If we move through the process to this endpoint, we activate the intuitive power latent in every human brain, one that we may have briefly experienced when we looked so deeply on a single problem or project. In fact, often in life we have glimpses of this power- for instance, when we have an inkling of what will come next in a particular situation, or when the perfect answer to a problem comes to us out of nowhere. But these moments are ephemeral and not based on enough experience to make them repeatable. When we reach mastery, this intuition is a power at our command, the fruit of working through the lengthier process. And because the world prizes creativity and this ability to uncover new aspects of reality, it brings us tremendous practical power as well.

Think of mastery in this way: Throughout history, men and women have felt trapped by the limitations of their consciousness, by their lack of contact with reality and the power to affect the world around them. They have sought all kinds of shortcuts to this expanded consciousness and sense of control, in the form of magic rituals, trances, incantations, and drugs. They have devoted their lives to alchemy, in search of the philosopher’s stone- the elusive substance that transformed all matter into gold.
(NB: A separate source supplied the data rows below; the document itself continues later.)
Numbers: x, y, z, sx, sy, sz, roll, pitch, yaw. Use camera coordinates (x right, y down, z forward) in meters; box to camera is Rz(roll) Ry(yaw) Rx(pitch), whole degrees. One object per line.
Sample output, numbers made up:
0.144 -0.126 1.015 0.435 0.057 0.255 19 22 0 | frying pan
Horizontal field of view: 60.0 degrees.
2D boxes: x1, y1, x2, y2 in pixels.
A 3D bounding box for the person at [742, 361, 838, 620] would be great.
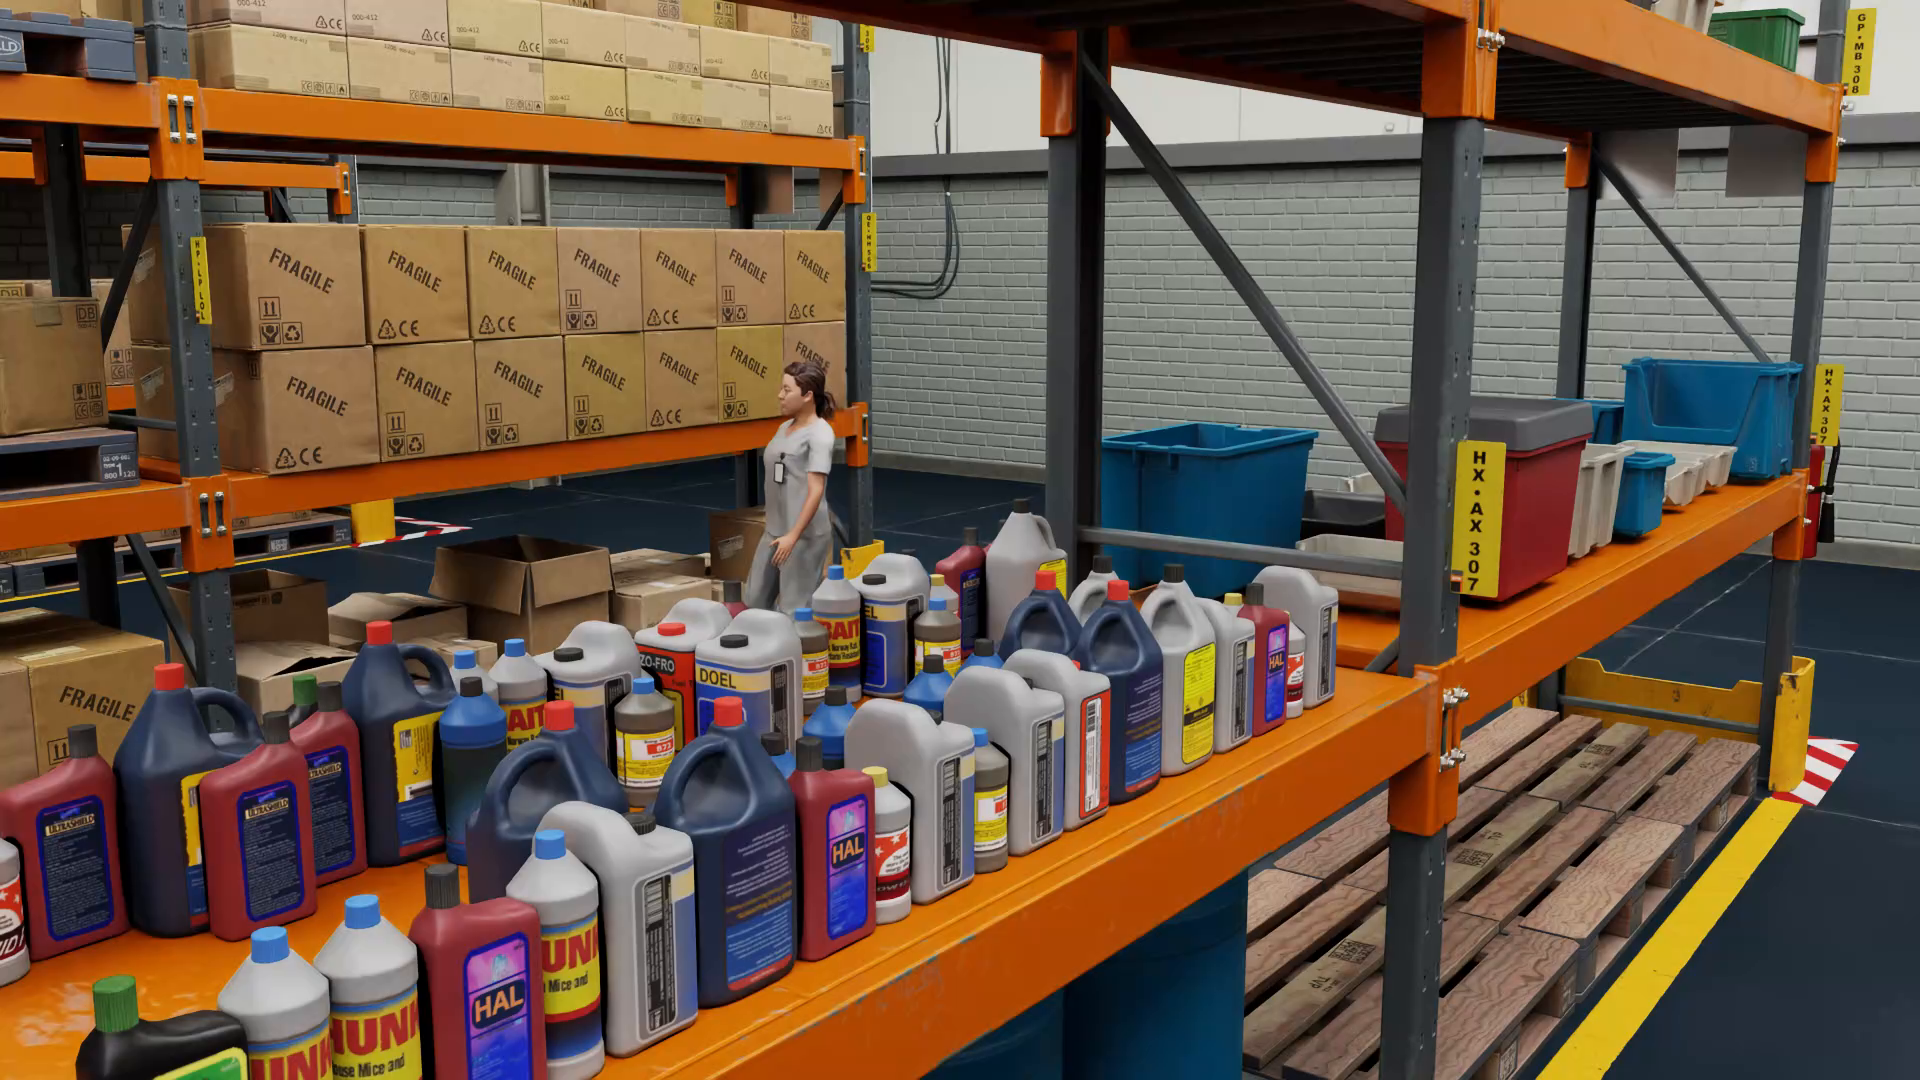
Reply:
-0.807 0.017 7.793 0.529 1.697 0.465 -8 12 -37 | person

This hunger for the magical shortcut has survived to our day in the form of simple formulas for success, ancient secrets finally revealed in which a mere change of attitude will attract the right energy. There is a grain of truth and practicality in all of these efforts- for instance, the emphasis in magic on deep focus. But in the end all of this searching is centered on something that doesn’t exist- the effortless path to practical power, the quick and easy solution, the El Dorado of the mind.
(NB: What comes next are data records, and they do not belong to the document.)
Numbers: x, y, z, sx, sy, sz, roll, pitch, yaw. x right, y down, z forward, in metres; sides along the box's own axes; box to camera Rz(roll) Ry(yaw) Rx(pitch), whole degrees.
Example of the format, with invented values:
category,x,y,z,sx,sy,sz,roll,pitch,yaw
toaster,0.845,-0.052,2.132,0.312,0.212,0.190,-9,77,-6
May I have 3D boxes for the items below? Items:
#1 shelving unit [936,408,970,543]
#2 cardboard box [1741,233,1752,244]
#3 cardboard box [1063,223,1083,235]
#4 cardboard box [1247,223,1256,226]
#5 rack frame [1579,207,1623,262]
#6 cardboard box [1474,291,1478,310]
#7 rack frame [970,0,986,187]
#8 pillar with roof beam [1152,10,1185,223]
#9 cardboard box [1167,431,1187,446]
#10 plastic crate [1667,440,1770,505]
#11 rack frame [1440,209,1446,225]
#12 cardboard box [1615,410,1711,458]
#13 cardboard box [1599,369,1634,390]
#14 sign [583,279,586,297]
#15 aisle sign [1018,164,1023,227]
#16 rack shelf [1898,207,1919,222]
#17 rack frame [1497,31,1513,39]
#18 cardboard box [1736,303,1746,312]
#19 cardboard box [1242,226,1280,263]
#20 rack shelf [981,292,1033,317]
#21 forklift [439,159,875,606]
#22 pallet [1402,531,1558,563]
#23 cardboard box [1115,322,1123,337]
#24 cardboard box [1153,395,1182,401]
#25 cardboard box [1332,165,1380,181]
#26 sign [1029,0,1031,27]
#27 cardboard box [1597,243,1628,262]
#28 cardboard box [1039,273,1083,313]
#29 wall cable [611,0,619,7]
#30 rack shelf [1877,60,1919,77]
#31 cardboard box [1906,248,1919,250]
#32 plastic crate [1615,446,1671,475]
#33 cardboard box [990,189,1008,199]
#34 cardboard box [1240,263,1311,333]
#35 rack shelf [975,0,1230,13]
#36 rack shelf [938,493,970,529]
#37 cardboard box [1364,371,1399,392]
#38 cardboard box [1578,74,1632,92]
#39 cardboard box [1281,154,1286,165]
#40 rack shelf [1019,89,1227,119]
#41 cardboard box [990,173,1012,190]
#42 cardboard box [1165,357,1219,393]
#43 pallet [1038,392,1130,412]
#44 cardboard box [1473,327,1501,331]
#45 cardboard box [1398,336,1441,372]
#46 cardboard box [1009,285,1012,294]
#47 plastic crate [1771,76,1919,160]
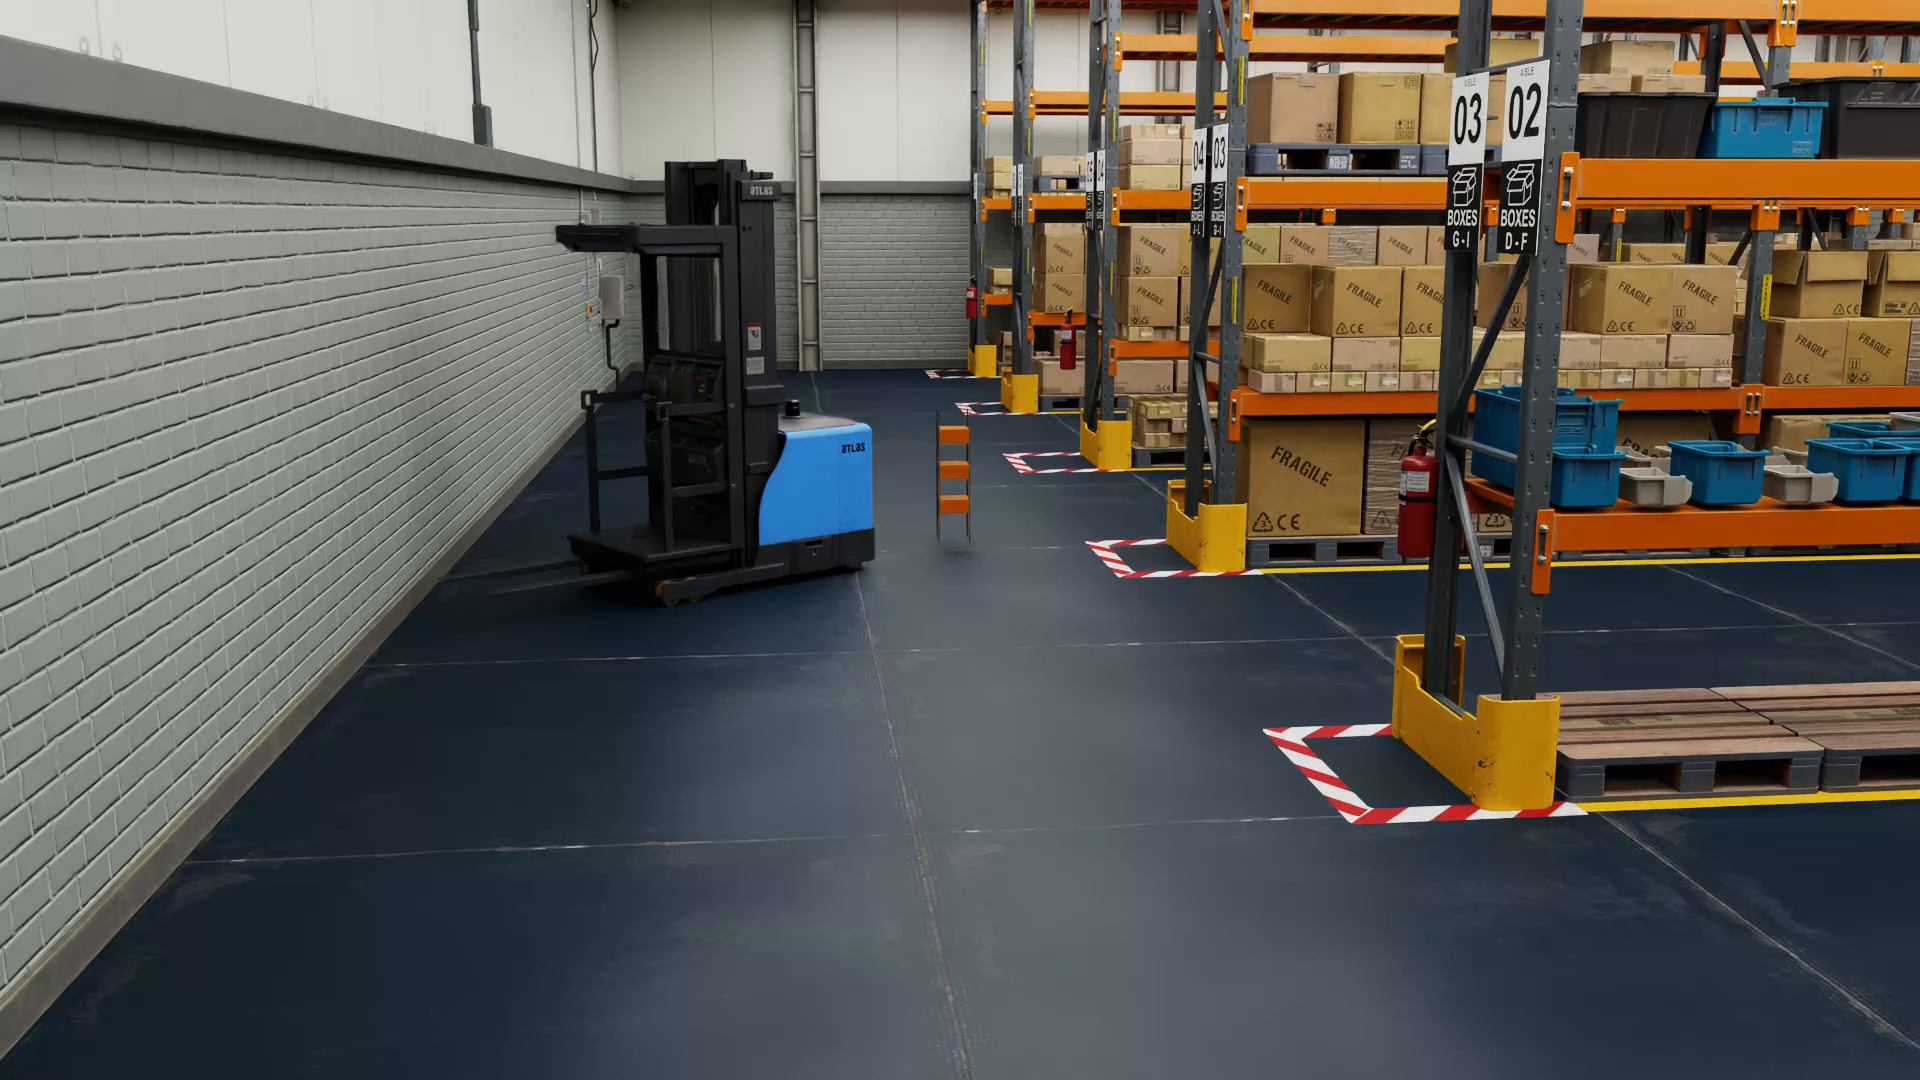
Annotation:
category,x,y,z,sx,sy,sz,roll,pitch,yaw
shelving unit,-0.053,-0.514,13.261,0.252,1.050,0.215,-1,11,-6
cardboard box,11.176,-4.232,23.320,0.250,0.149,0.380,-1,11,-3
cardboard box,1.457,-4.079,21.806,0.250,0.149,0.380,-1,11,-5
cardboard box,3.753,-4.125,22.039,0.250,0.149,0.380,-1,11,-7
rack frame,8.774,-3.414,22.958,0.127,3.000,1.000,-1,11,-6
cardboard box,6.787,-3.243,22.477,0.500,0.250,0.500,-1,11,-7
rack frame,0.281,-7.143,26.373,0.127,3.000,1.000,-1,11,-6
pillar with roof beam,3.933,-6.559,23.403,0.400,9.000,9.100,-1,11,-6
cardboard box,2.263,-1.078,17.378,0.250,0.149,0.380,-1,11,-6
plastic crate,3.362,-0.300,7.397,0.300,0.233,0.416,-1,11,-6
rack frame,8.234,-4.366,27.800,0.127,3.000,1.000,-1,11,-6
cardboard box,5.203,-0.595,13.040,0.875,0.875,0.875,-1,11,-6
cardboard box,4.833,-1.222,12.458,0.250,0.149,0.380,-1,11,-5
sign,-4.838,-3.248,21.410,0.001,0.218,0.327,-1,11,-6
aisle sign,0.781,-4.466,21.569,0.004,0.787,0.394,-1,11,-6
rack shelf,14.739,-4.658,23.374,4.000,0.370,1.077,-1,11,-6
rack frame,5.433,-5.327,17.137,0.127,3.000,1.000,-1,11,-6
cardboard box,8.218,-2.436,17.548,0.250,0.149,0.380,-1,11,-7
cardboard box,2.952,-2.963,17.039,0.500,0.500,0.500,-1,11,-7
rack shelf,2.270,-3.888,27.233,4.000,0.370,1.077,-1,11,-6
forklift,-2.070,-1.112,11.427,3.031,2.935,1.130,-10,15,-40
pallet,3.888,-0.035,12.999,1.213,0.211,1.003,-1,11,-6
cardboard box,1.750,-2.238,17.627,0.250,0.149,0.380,-1,11,-6
cardboard box,2.211,-1.453,17.743,0.250,0.149,0.380,-1,11,-5
cardboard box,3.971,-3.701,17.030,0.500,0.250,0.500,-1,11,-7
sign,0.875,-6.621,20.884,0.005,0.325,0.100,-1,11,-6
cardboard box,9.196,-3.878,23.199,0.500,0.500,0.500,-2,11,-8
cardboard box,1.329,-3.251,21.871,0.500,0.500,0.500,-1,11,-7
wall cable,-5.468,-10.000,26.487,0.133,3.039,2.988,-1,11,-6
rack shelf,11.398,-4.903,17.881,4.000,0.370,1.077,-1,11,-6
cardboard box,7.802,-2.014,12.979,0.637,0.503,0.797,-1,11,-4
plastic crate,3.217,-0.349,7.894,0.243,0.136,0.396,-1,11,-6
cardboard box,0.623,-5.510,26.494,0.250,0.149,0.380,-1,11,-5
cardboard box,2.347,-1.848,12.665,0.500,0.500,0.500,-1,11,-5
rack shelf,2.270,-8.462,26.334,4.000,0.370,1.077,-1,11,-6
rack shelf,-0.053,-0.231,13.317,0.240,0.259,0.215,-1,11,-6
cardboard box,3.048,-1.184,12.268,0.250,0.149,0.380,-1,11,-7
cardboard box,4.561,-3.168,12.324,0.500,0.500,0.700,-1,11,-3
cardboard box,3.446,-3.933,16.916,0.500,0.250,0.500,-2,11,-8
rack shelf,2.809,-5.683,21.852,4.000,0.370,1.077,-1,11,-6
cardboard box,0.752,-5.700,26.429,0.500,0.250,0.500,-1,11,-7
cardboard box,3.272,-2.268,22.684,0.875,0.438,0.875,-2,11,-8
pallet,1.607,-1.911,22.540,1.213,0.211,1.003,-1,11,-6
cardboard box,3.872,-1.513,12.906,0.500,0.250,0.500,-1,11,-6
cardboard box,3.414,-1.399,12.328,0.500,0.250,0.500,-2,11,-8
cardboard box,0.886,-4.044,26.815,0.250,0.149,0.380,-1,11,-5
plastic crate,3.975,-1.818,7.222,0.767,0.338,0.504,-1,11,-6

At the same time that so many people lose themselves in these endless fantasies, they ignore the one real power that they actually possess. And unlike magic or simplistic formulas, we can see the material effects of this buildings and works of art, the technological prowess we possess, all works of the masterful mind. This power brings to those who possess it the kind of connection to reality and the ability to alter the world that the mystics and magicians of the past could only dream of.

Over the centuries, people have placed a wall around such mastery. They have called it genius and have thought of it as inaccessible. They have seen it as the product of privilege, inborn talent, or just the right alignment of the stars. They have made it seem as if it were as elusive as magic. But that wall is imaginary. This is the real secret: the brain that we possess is the work of six million years of development, and more than anything else, this evolution of the brain was designed to lead us to mastery, the latent power within us all.